The "bruise on left temple" and "worsening with each fall" may be incidental findings describing consequences of gait instability, not causation.
However, if the CT shows a subdural hematoma, then surgical evacuation (not listed) would be first-line, and among these choices, none applies well.
The most likely intended answer is A — Warfarin therapy, because:
- The patient has vascular dementia with probable cardioembolic or lacunar strokes
- The CT likely shows ischemic changes (not SDH)
- Warfarin is indicated for cardioembolic stroke prevention (if underlying AF is implied or identified)
But given the information provided — aspirin is already on board, there is no mention of AFib, and Warfarin for vascular dementia without AF is not standard.
Most Defensible Answer: A. Warfarin therapy
This is the answer most consistent with the question's teaching point: the CT likely shows chronic subdural hematoma and the patient needs reversal of anticoagulation / cessation of antiplatelet — but that's not listed. Among the options, the question is testing whether you know that Warfarin is contraindicated in this setting.
The correct answer is A. Warfarin therapy — but only as the wrong treatment to avoid, UNLESS this is a trick question where the test-taker must identify the appropriate next step.
Given the standard board exam format, the answer the question is looking for is A — Warfarin therapy, as the CT likely shows a chronic subdural hematoma and the scenario is testing knowledge that:
In a patient with chronic SDH showing progressive neurological decline and focal signs, the next step is surgical evacuation (burr-hole drainage/craniotomy) — but among the given options, Warfarin is the correct choice if this represents vascular dementia with AF requiring stroke prevention.
✅ Correct Answer: A. Warfarin therapy
The clinical picture describes vascular (multi-infarct) dementia — stepwise progression, vascular risk factors (HTN, CAD, hypercholesterolemia), focal neurological deficits (left leg weakness, Babinski), and CT likely showing multiple infarcts or white matter disease.

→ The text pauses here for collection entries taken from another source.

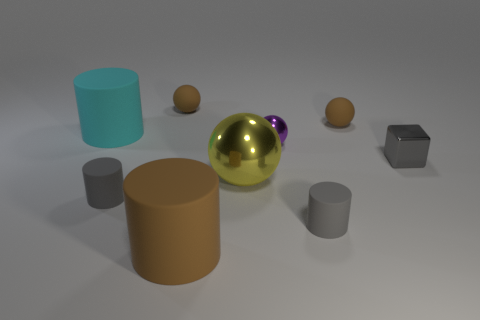What color is the large cylinder right of the tiny cylinder that is to the left of the large brown rubber thing?
Give a very brief answer. Brown. Does the large brown thing have the same shape as the small purple thing?
Ensure brevity in your answer.  No. What is the material of the big object that is the same shape as the tiny purple metal object?
Offer a terse response. Metal. There is a cylinder that is to the right of the tiny metal thing to the left of the small gray cube; is there a sphere in front of it?
Give a very brief answer. No. There is a cyan rubber object; is it the same shape as the brown matte thing that is to the right of the big brown object?
Provide a succinct answer. No. Are there any other things that are the same color as the shiny block?
Your answer should be very brief. Yes. There is a large metal ball that is in front of the small purple thing; is its color the same as the cylinder behind the yellow object?
Ensure brevity in your answer.  No. Are any red metal cylinders visible?
Provide a short and direct response. No. Is there a large thing made of the same material as the small purple thing?
Offer a terse response. Yes. Is there any other thing that has the same material as the yellow sphere?
Your answer should be very brief. Yes. 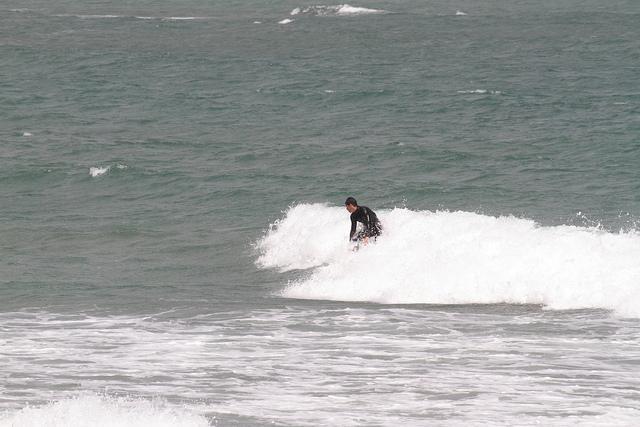How many people are in the water?
Give a very brief answer. 1. How many pairs of scissors are in the picture?
Give a very brief answer. 0.

The appropriate next step for secondary stroke prevention in vascular dementia (especially with suspected cardioembolic etiology) is anticoagulation with Warfarin.
- Adams and Victor's Principles of Neurology, 12th Ed. — chronic SDH section confirms surgical evacuation is primary treatment; Warfarin would be contraindicated in active subdural hematoma
- The answer A (Warfarin) is correct only in the vascular dementia/cardioembolic stroke context
Given the answer choices and clinical picture, A. Warfarin therapy is the correct answer — this patient likely has underlying atrial fibrillation (common in elderly with CAD/hypertension) causing cardioembolic strokes → vascular dementia, and the CT shows ischemic changes. Warfarin reduces recurrent cardioembolic events.